OneNote vs. Evernote: A personal take on two great note-taking apps

By

Contributing Editor,

Computerworld |

What’s the king of the note-taking apps?

There are two leading contenders for the crown: Microsoft’s OneNote and the independent Evernote. Launched in 2003, OneNote was added to Microsoft Office in 2007 and is now bundled with Windows 10 and also offered for free as a standalone product. Evernote launched in 2008 and has enjoyed steadily increasing user numbers since then; the company now says it has 225 million users worldwide. (Microsoft hasn’t released user numbers for OneNote, but between Office and Windows 10, more than a billion users likely have a version of it installed on their machines.)

OneNote and Evernote are available for all the major desktop and mobile OSes, they can each sync your notes to all of your devices and the web, and both promise to be the only note-taking app you need. But they also have some very distinct differences. So which is better for business users?

I’m a longtime user of both applications, so I’ve taken a look at the latest version of each for Windows, macOS, iPad, iPhone and Android. This isn’t a deep-dive review, but rather a personal look at what I like and don’t much like about each — and the main points of difference between the two. I spend more time on the Windows version of each, but I’ll note similarities and differences in other versions as well.

Note that there are two versions of OneNote for Windows: a desktop app and a Windows 10 app, also known as a Universal Windows Platform (UWP) app. As I write this, the desktop version, although available for free as a separate download, is not included with Office 2019 or Office 365. That’s because Microsoft had planned to kill the desktop app and focus instead on the UWP app. However, the company  changed course in late 2019, announcing that it will continue to add new features to desktop version of OneNote and that the desktop version will once again be included with Office 365 as of March 2020. In this review, I look at the desktop version of OneNote, because the UWP app has far fewer features.

OneNote is very much a full-blown application.
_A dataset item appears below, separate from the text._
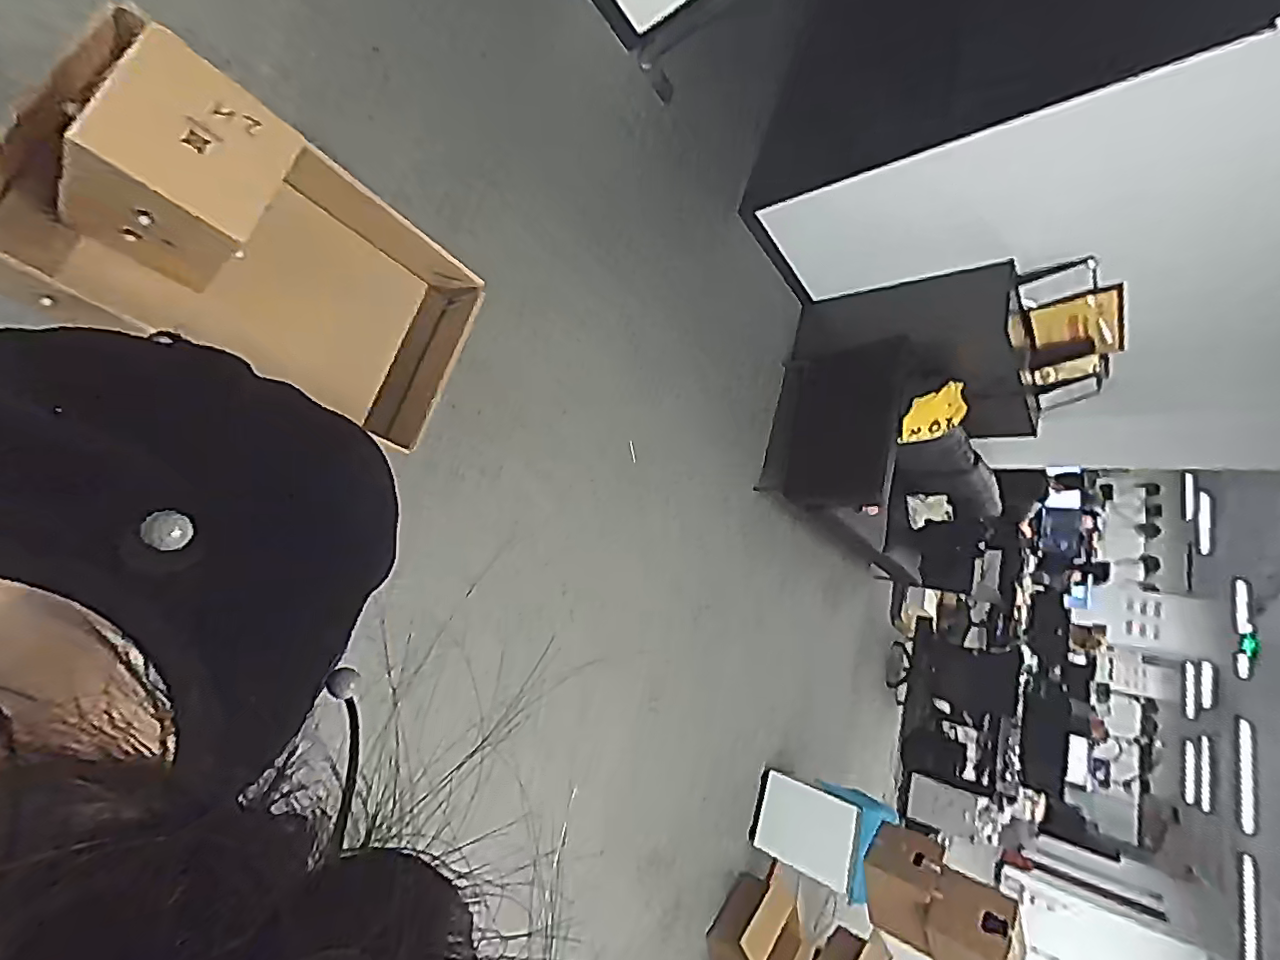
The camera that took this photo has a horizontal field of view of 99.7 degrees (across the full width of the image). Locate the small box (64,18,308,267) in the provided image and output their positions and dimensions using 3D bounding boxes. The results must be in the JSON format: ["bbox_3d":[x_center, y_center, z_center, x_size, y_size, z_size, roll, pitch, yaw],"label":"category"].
[{"bbox_3d":[-0.560,-0.398,0.675,0.168,0.176,0.179,34,67,-43],"label":"small box"}]

It lets you create simple or complex notes from scratch, organize them into searchable, browsable notebooks, and sync them among a variety of platforms, including Windows PCs, Macs, iPads and iPhones, Android devices and the web.
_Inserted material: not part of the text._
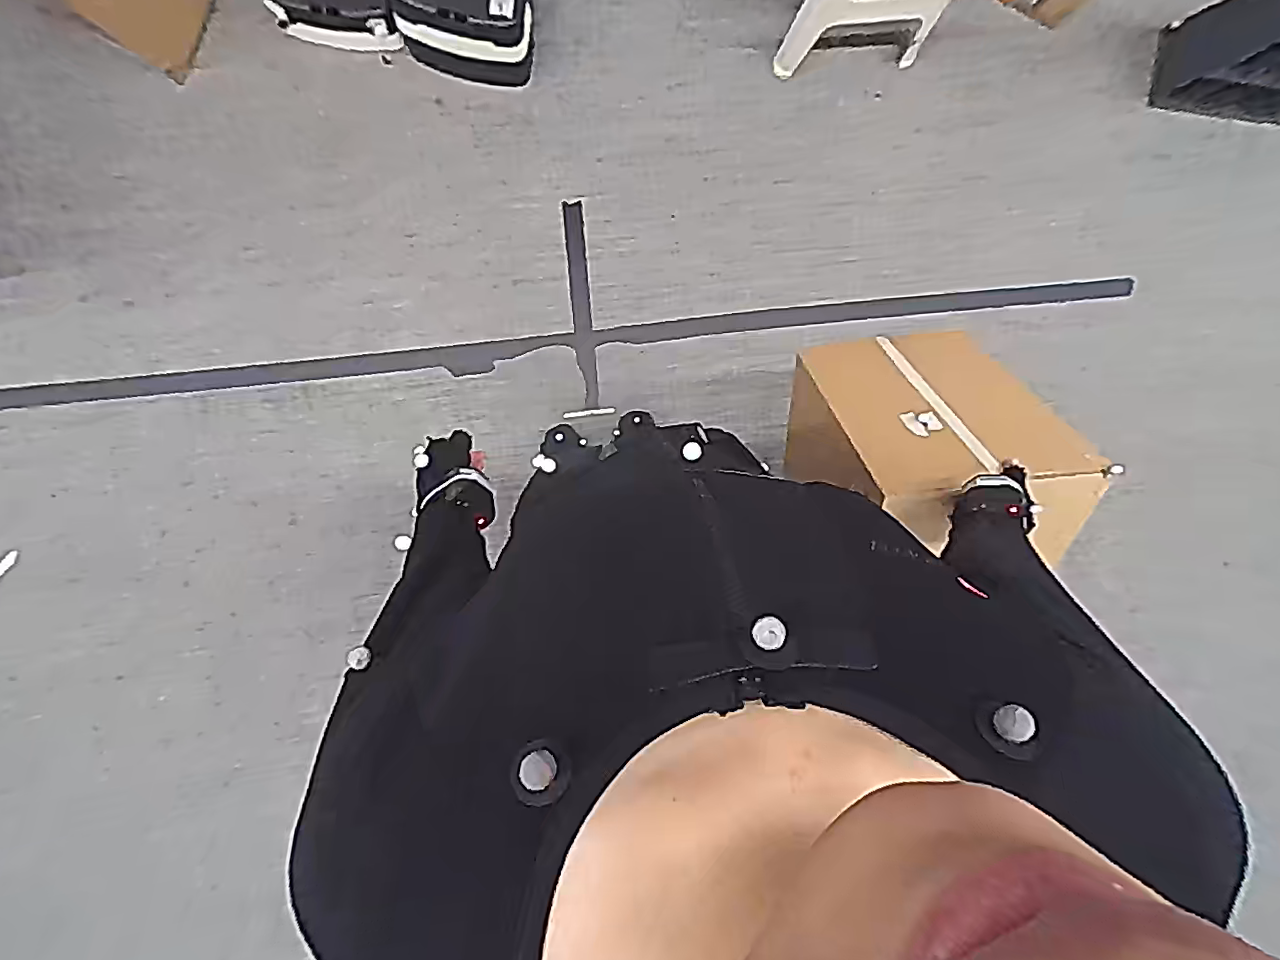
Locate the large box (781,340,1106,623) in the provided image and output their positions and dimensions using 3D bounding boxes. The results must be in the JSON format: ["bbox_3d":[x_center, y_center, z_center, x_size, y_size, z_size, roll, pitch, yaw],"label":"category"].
[{"bbox_3d":[0.475,-0.008,0.977,0.320,0.408,0.320,-6,133,-1],"label":"large box"}]

OneNote offers top-notch tools for creating notes from scratch and organizing them intelligently. (Click any image in this story to enlarge it.)

It bristles with note-creation tools for drawing, recording audio and video, scanning images, embedding spreadsheets and reviewing the edits of others (although the abilities of those tools differ somewhat depending on the platform). In fact, its note-creation tools are more comprehensive than Evernote’s.
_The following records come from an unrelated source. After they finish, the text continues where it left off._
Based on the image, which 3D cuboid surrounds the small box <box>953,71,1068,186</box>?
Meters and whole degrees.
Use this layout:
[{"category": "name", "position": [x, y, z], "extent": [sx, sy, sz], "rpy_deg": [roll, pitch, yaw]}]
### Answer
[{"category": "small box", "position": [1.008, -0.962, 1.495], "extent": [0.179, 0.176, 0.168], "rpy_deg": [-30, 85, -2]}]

The organization-minded will appreciate OneNote’s basic structure. You create individual notebooks; within each notebook, you can create section groups that contain multiple sections. Each section has individual pages, with each page a separate note. It’s ideal for organizing content with a logical structure.

For example, if you’re using OneNote to keep track of notes about your sales staff, you could have a Sales Staff notebook, then section groups for each salesperson, and within each of those section groups there might be sections for each of their customers. Within each of those customer sections, you could have individual pages, with notes about the salesperson’s relationship with them, and include links to sales figures.

OneNote is gradually becoming more integrated with the rest of the Office 365 suite. For instance, every team in Microsoft Teams gets a shared OneNote notebook where they can collaborate on notes.

As good as OneNote is at creating notes, it falls short of Evernote’s considerable capabilities for clipping content from the web.

OneNote offers a browser add-on called the OneNote Web Clipper for Microsoft Edge, Internet Explorer, Chrome, and Firefox. Note that you need to sign in to the extension with a Microsoft account to use it.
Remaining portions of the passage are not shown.